New sources of mouse phenotype data are anticipated in the coming year and MGI is planning to integrate and make available this new information. For example, CRISPR/Cas9 (Clustered Regularly Interspaced Short Palindromic Repeats/CRISPR associated system) (Sung et al. 2012; Singh et al. 2014; Aida et al. 2015) technology to generate germline mutations is now being used by researchers and MGI already has included a few examples from direct data contributions and the published literature (e.g., Concepcion et al. 2015, and unpublished data submissions.). The IMPC is planning to generate a significant number of lines via this technology (INTRAFRONTIER Consortium 2015) and we are preparing to incorporate these allele and phenotype datasets into the corpus of MGI data.

MGI also plans to incorporate new QTL and strain model data including data from the Collaborative Cross (Threadgill and Churchill 2012) and the Diversity Outcross (Churchill et al. 2012) projects. Analysis of mouse strains produced by these projects have already provided new genetic loci relevant to human conditions (Phillippi et al. 2014; Chesler 2014; Recla et al. 2014). While MGI already represents QTL data, improvements to the display in a genomic context, annotating data with the Vertebrate Trait Ontology (Park et al. 2013) and search improvements are planned or are underway.

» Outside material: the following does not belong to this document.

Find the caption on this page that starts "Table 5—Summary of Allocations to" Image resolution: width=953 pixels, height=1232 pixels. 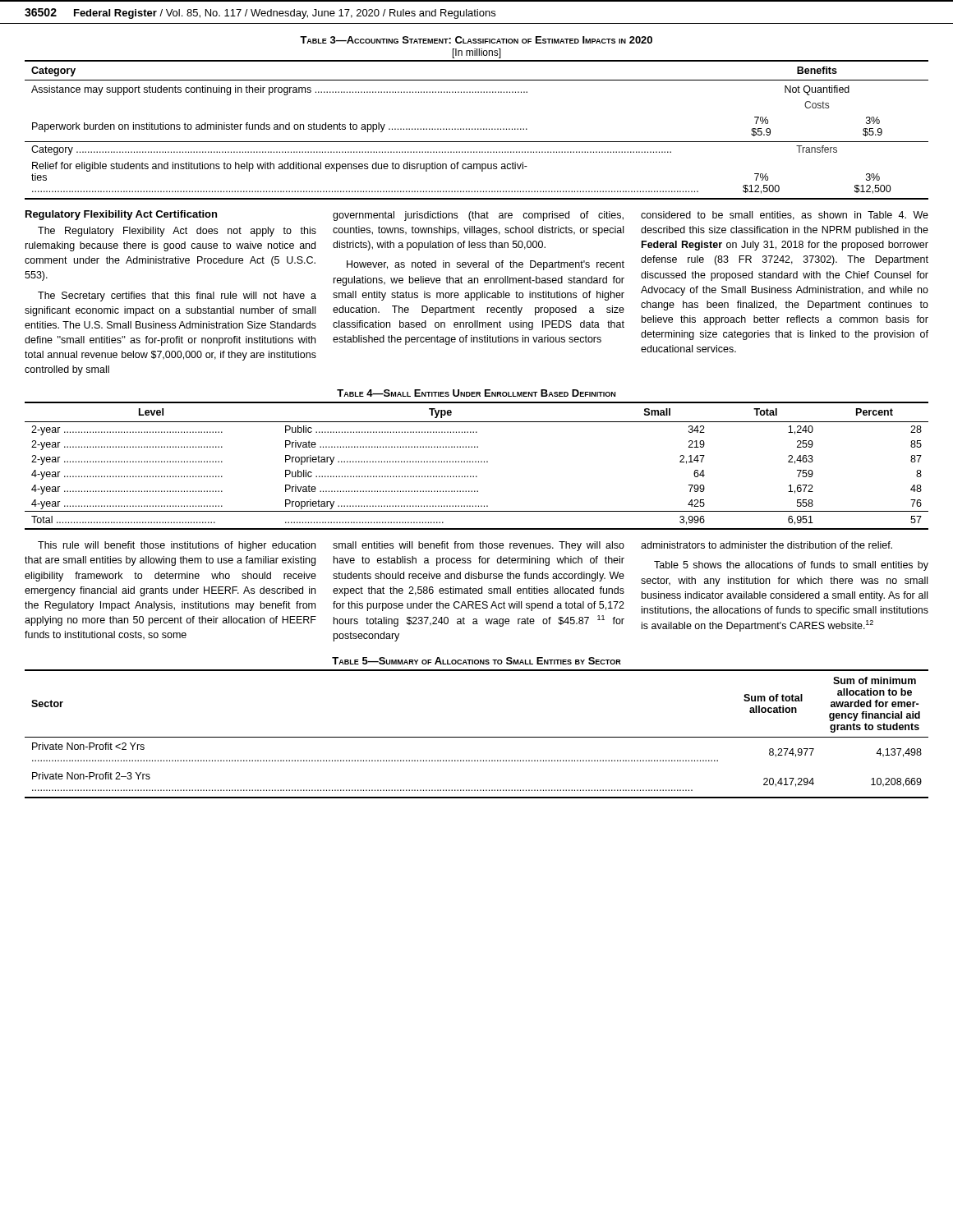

MGI continues to work to improve access to mouse and human comparative data to support clinical and translational research. A mapping of terms between the Mammalian Phenotype Ontology and the Human Phenotype Ontology (Köhler et al. 2014) is ongoing, and will enable comparison between phenotype characteristics of mutant mice and signs and symptoms of humans with genetic-based disease. We will use these data to improve portals and searches to find appropriate mouse models, to narrow a set of potential candidate genes for a human condition or to find further genomic, biochemical process or function, pathway, expression, or location information about a specific gene product for greater understanding of a gene’s role in pathogenic processes in human disease.